Now we're arguing the definition of "did"...I feel like Bill Clinton. The infalling beer can calculates that our "now" expired an infinite time ago, and the distant observer calculates that the beer can crosses the event horizon an infinite time from our "now". From both perspectives the frame from which we are discussing this topic happens an infinite amount of time before the beer can crosses - remember, this is the frame that I designated in my OP - therefore the beer can "did not" cross. "Will" it? Well, now we're back to opinion.

Xantox said:
Cosmological time, where the isotropic coordinates of comoving observers are singled out. And in general, we can single out some dynamical parameter such as the radius of the universe, so that evolution can be expressed in terms of that parameter. Here it is possible to locate the black hole formation in terms of such parameter (even if the whole manifold cannot be covered in general). When drawing the horizon on a conformal diagram using as vertical time coordinate such a time, eg a primordial black hole horizon segment will appear to begin at the bottom of the diagram eg in the young universe region, and not on the top, where is the infinite future.

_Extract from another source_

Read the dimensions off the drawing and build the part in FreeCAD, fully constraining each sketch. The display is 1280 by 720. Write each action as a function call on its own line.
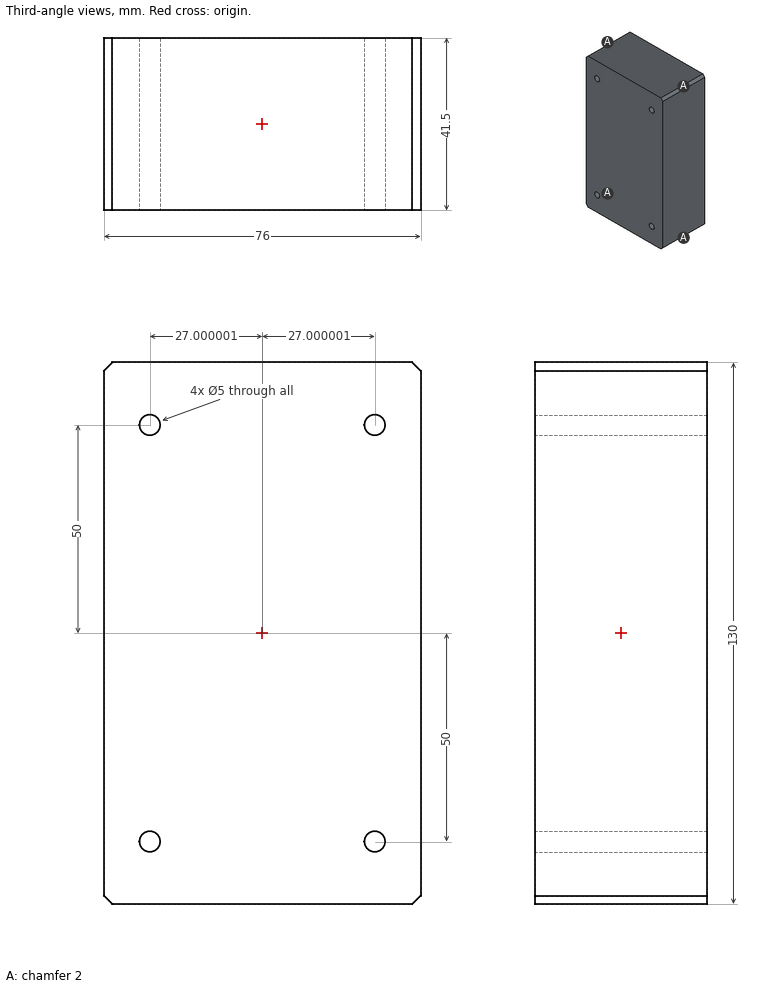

I confess I am not familiar with Cosmological Time and I am very curious about it. You wouldn't possibly want to expand on it, would you? Or give me a couple of references to research? It sounds to me like a simple preferred frame which would clearly not resolve this problem - the radius of the universe will be infinitely small (in a crunch) or large (heat death), presuming it does not reach an equilibrium, before the beer can crosses that damn line!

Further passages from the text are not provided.